# Anyone ever tried asparagus?



## gene111

Thinking about smoking some salmon with a side of asparagus this weekend anyone have any suggestions on this?


----------



## thunderdome

We probably have it about once a week.

Throw it in a ziploc, add some olive oil and garlic salt, and mix it all up.

Throw it on the grill till it softens up a bit (but not too soft).

Finish with some almond slivers and serve it up. One of my favorite vegetable sides


----------



## chisoxjim

I bet you could wrap the aparagus in capicola, or even ham and do a short smoke.


----------



## mballi3011

I haven't done it yet but I'm waiting to get some good fresh aparaus and wrap it with bacon and then smoke it I bet it would be delish. Oh the reason I haven't done it before?? Is I just started to eat it I have always said I didn't like it for years.


----------



## zeeker

Sprinkle olive oil, salt and pepper to taste. Smoke at 230 for 1.5 hours or until soft. Turn every half hour. Good to go...


----------



## smokebuzz

I throw some bacon on the smoker for about 30min., then wrap 3-5 pieces of asperagus with the bacon, smoke till you feel is done.


----------



## harley

This!  And brussle sprouts are good this way also.  I like to use cajun seasoning, canadian steak seasoning, anything.


----------



## gene111

i'll deffinetly try this can't wait till spring when i can go down the road & pick it & find some mushrooms & try smoking them as well!!!!!


----------



## erain

ya dont forget about them sprouts!!!! wrap in bacon and serve with a garlic butter dipping sauce....


----------



## gene111

tried the olive oil & garlic salt & pepers on the asparagus & snow peas put them in a pan on the smoker 3/4 of the way covered cooked for a bout 1.5hrs at 230 turned out great!! had a little smoke flavor but not overpowering. posted qview under slamon. Thanks for the suggestions all


----------



## derek

I like em on the grill the best.  Just a lil olive oil and s&p and greill till tender.  Can't be beat imo


----------



## jirodriguez

Just did a mix of asparagus and shrooms on Friday with some chix. I cut the ends off the asparagus, then cut in half, and cut the shrooms in quarters. Drizzeled it all with some olive oil, salt, pepper, and garlic powder, tossed in a bowl to coat everything. Put it in a 8" metal cake pan and smoked at 230° for about 1.5-2 hours, stirring about once every half hour.

Turned out awesome - wife and kids demolished them.... and the chicken... lol.


----------



## jacksmoke

I'm with ya on that!  Oil 'em up and kosher salt them, then grill for med high for about 8-10 minutes, turning a couple times until they begin to just brown slightly.  Delicious.  And I used to hate asparagus.


----------



## rdowens

I love grilling asparagus.  I tend to use either Italian dressing or some salad oil and salt and pepper.  I place the asparagus on a grill pan to keep them from falling through (lesson learned).

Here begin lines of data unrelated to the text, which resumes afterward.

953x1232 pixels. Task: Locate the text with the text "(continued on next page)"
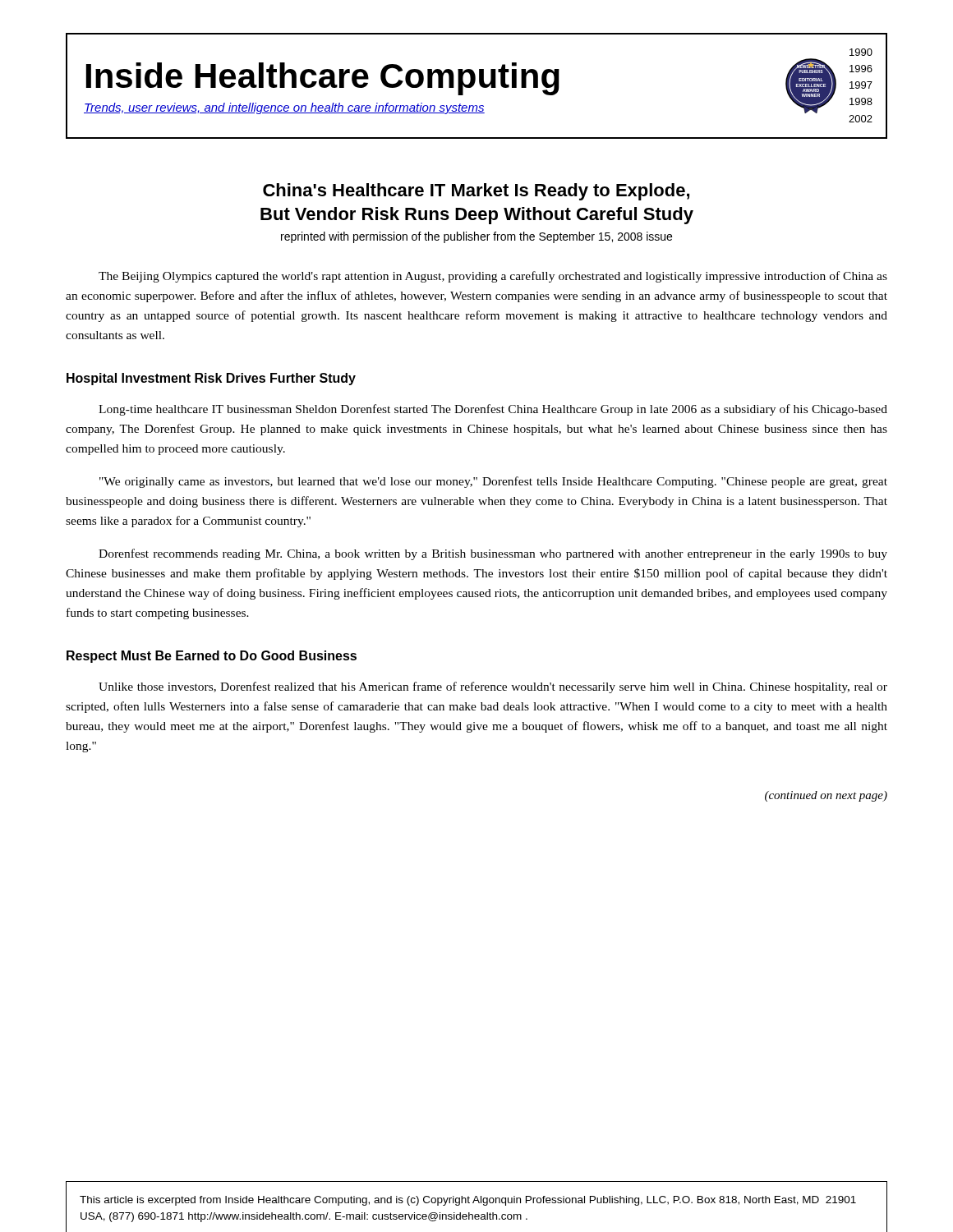point(826,795)
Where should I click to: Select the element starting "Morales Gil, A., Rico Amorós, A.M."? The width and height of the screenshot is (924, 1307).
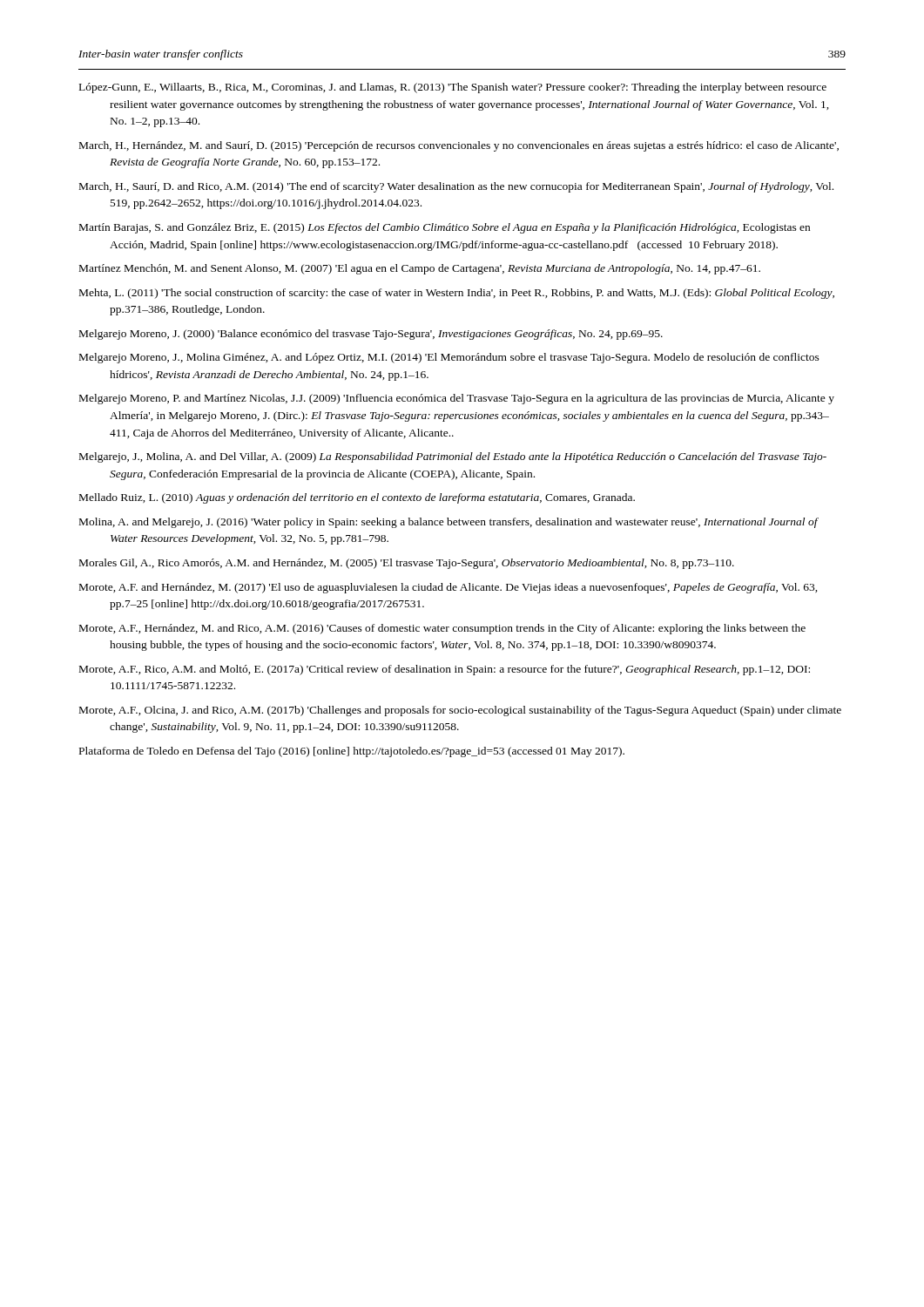[x=406, y=562]
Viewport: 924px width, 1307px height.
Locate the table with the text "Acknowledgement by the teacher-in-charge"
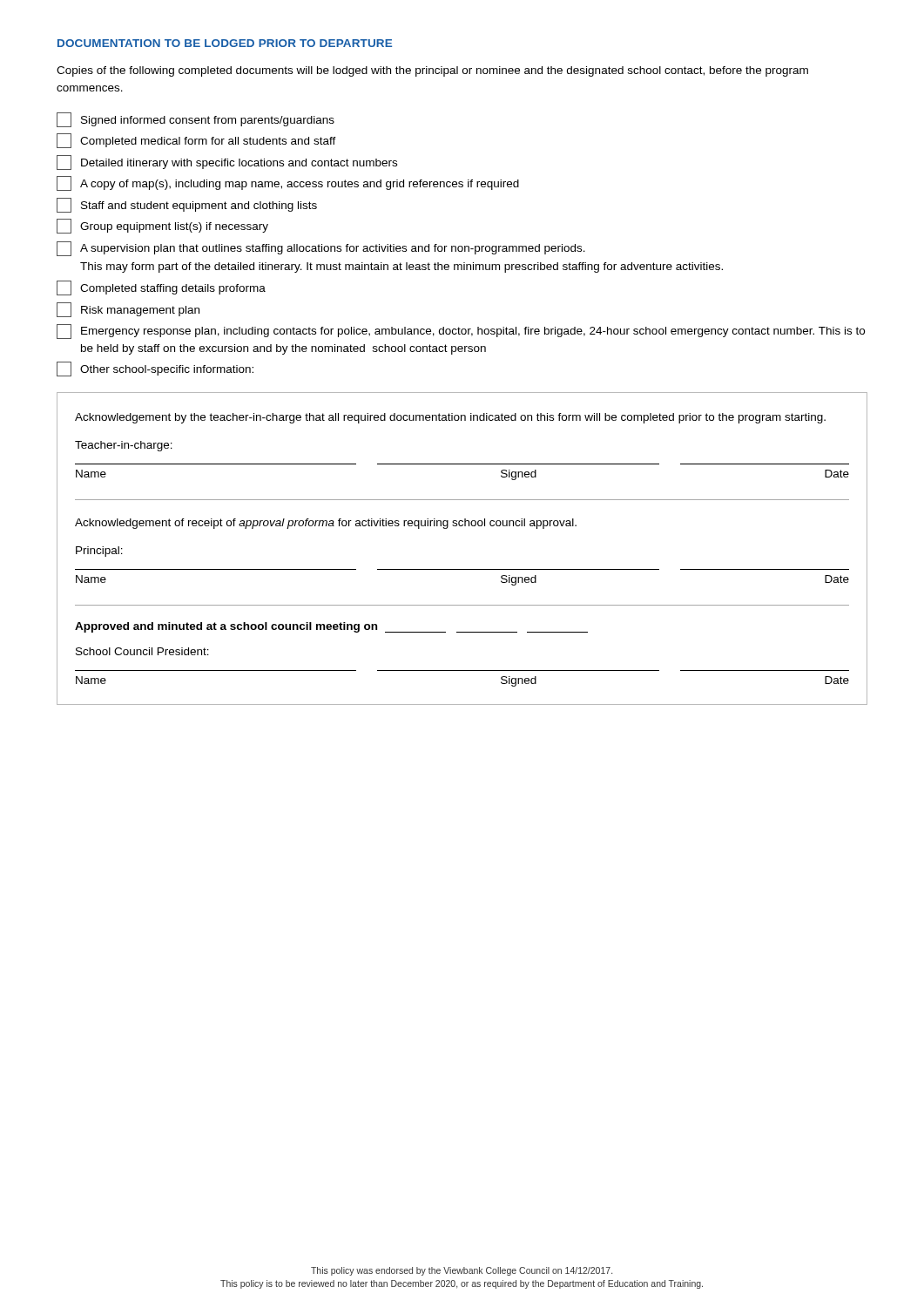point(462,549)
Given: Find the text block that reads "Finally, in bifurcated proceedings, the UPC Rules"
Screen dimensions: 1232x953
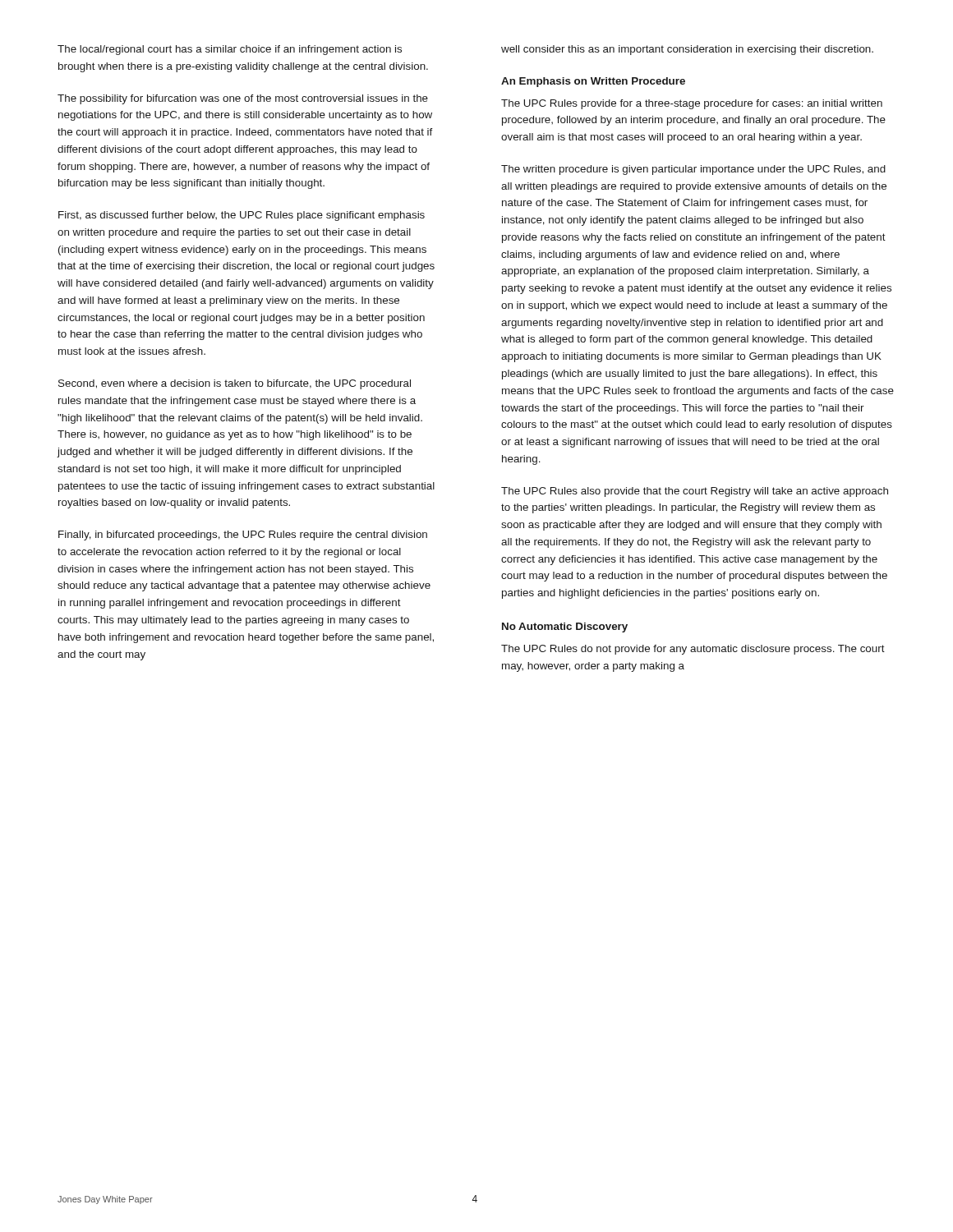Looking at the screenshot, I should 246,594.
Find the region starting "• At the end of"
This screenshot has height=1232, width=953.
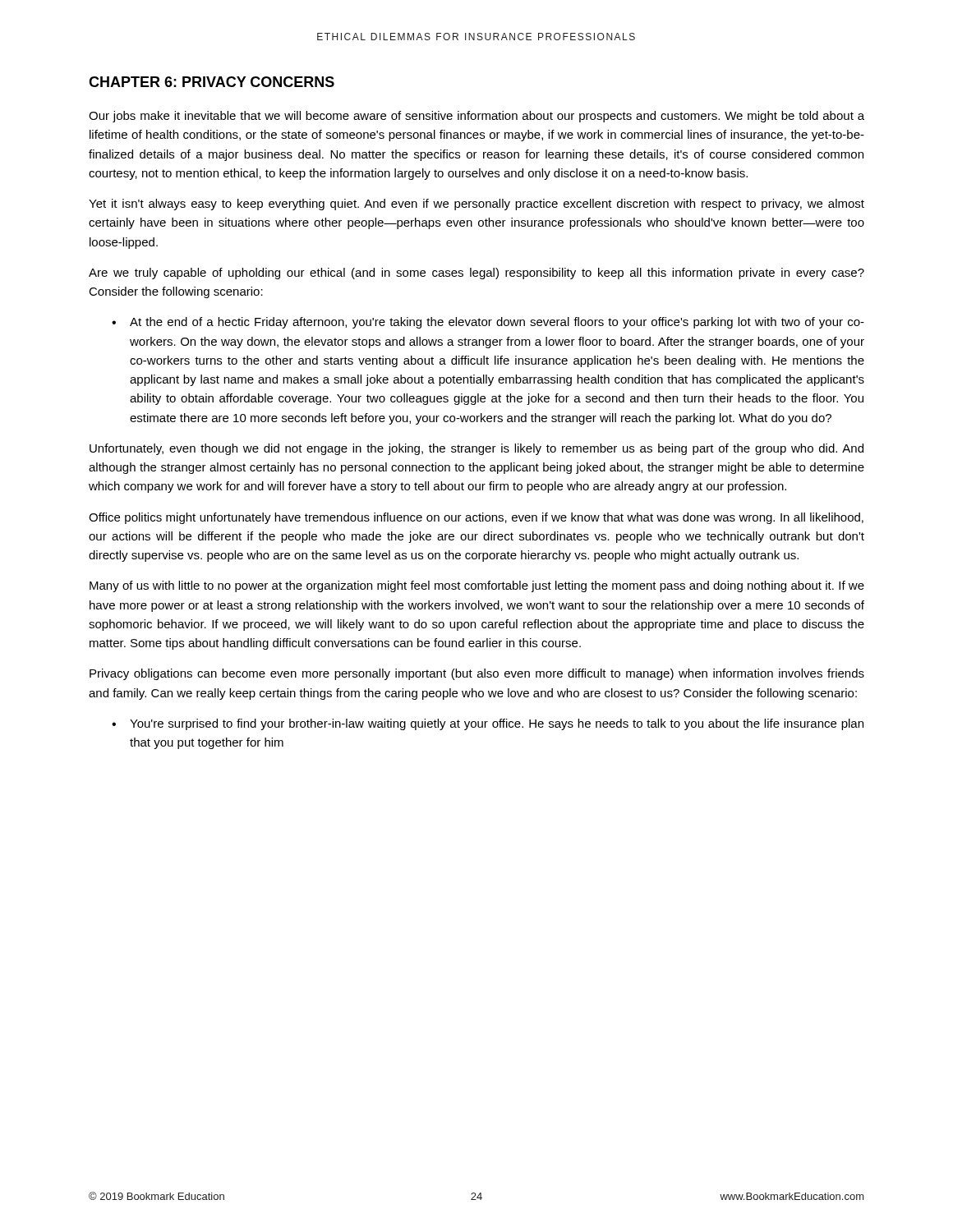pos(488,370)
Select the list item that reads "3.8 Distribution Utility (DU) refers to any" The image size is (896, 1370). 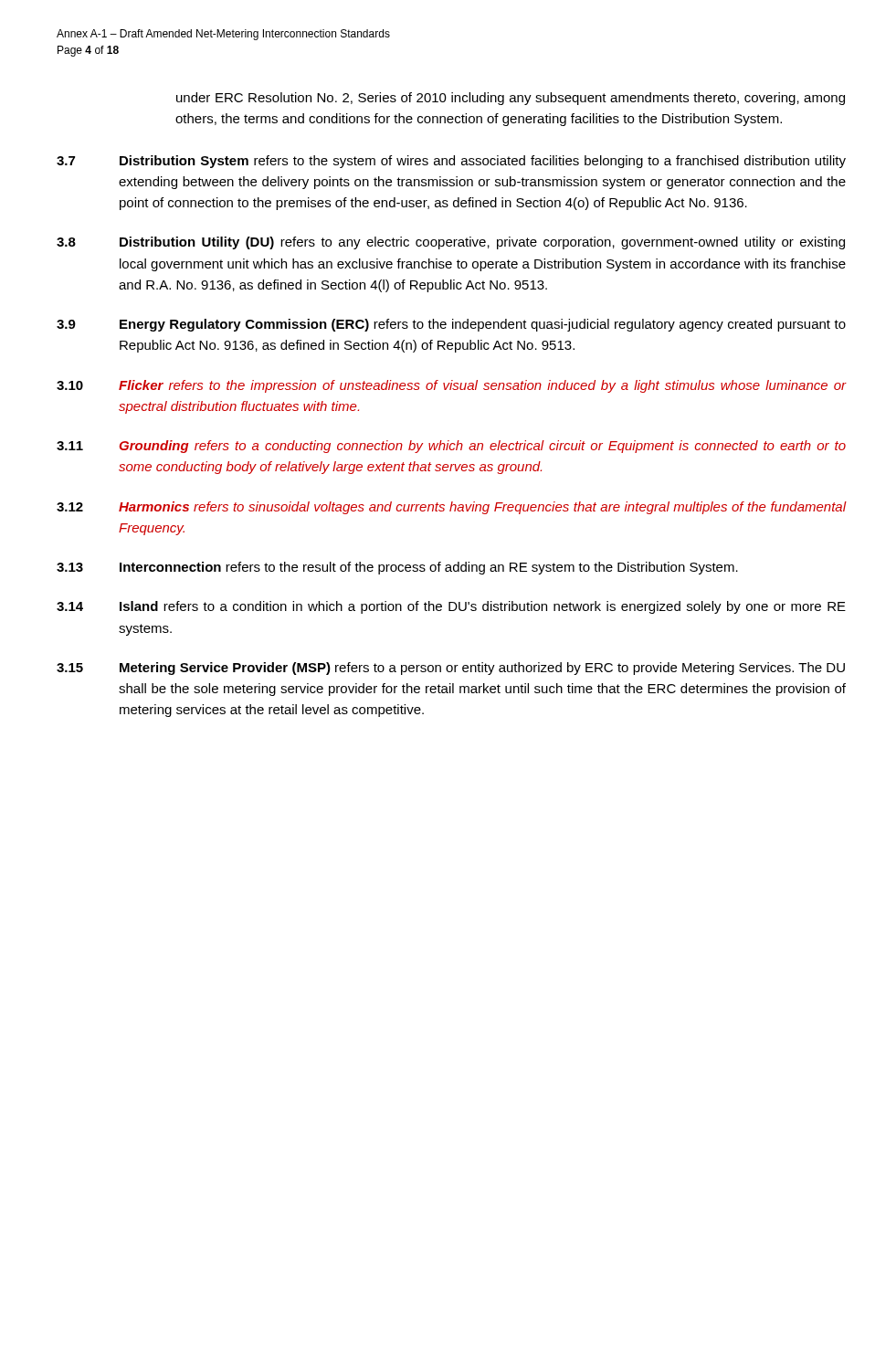pyautogui.click(x=451, y=263)
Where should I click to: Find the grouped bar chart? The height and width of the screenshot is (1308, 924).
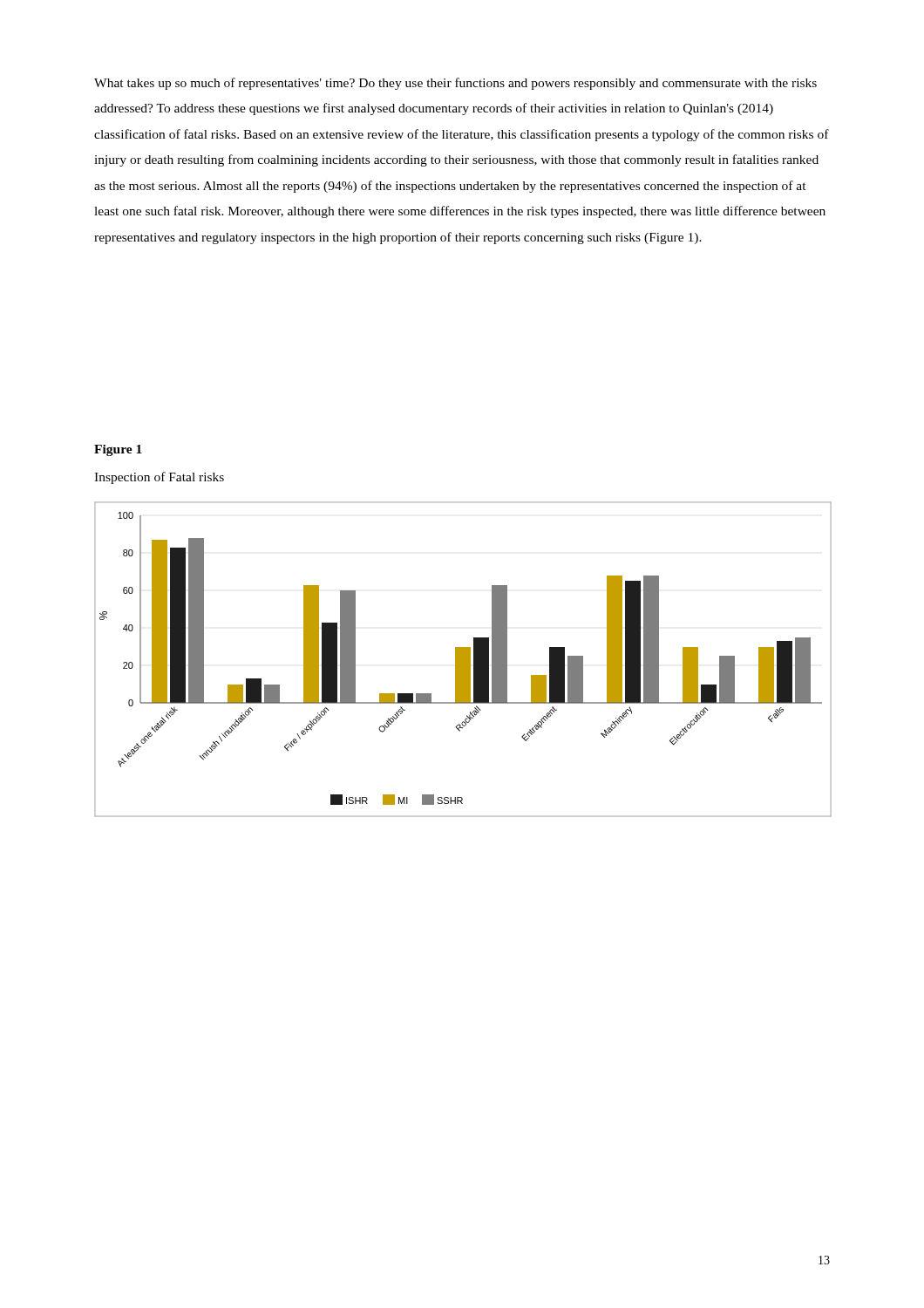pos(462,663)

May I suggest finishing with Hollandaise sauce?


----------



## john3198

Try wrapping a few spears in a thin slice of proscuitto and then smoke or grill.


----------



## meateater

Olive oil and some SAP. Get some grill marks on them and there good to go.


----------



## olecrosseyes

And what was the side to this, thighs?


----------



## john3198

Tried some asparagus tonight for the first time. Since they were pretty thick, I peeled them with a veg peeler then blanched in salted water for 3 min. 

Then added them to some onions and mushrooms and tossed the whole lot with EVOO, pressed garlic, and S&P. Put them on the veg grill plate for about an hour and 15 min.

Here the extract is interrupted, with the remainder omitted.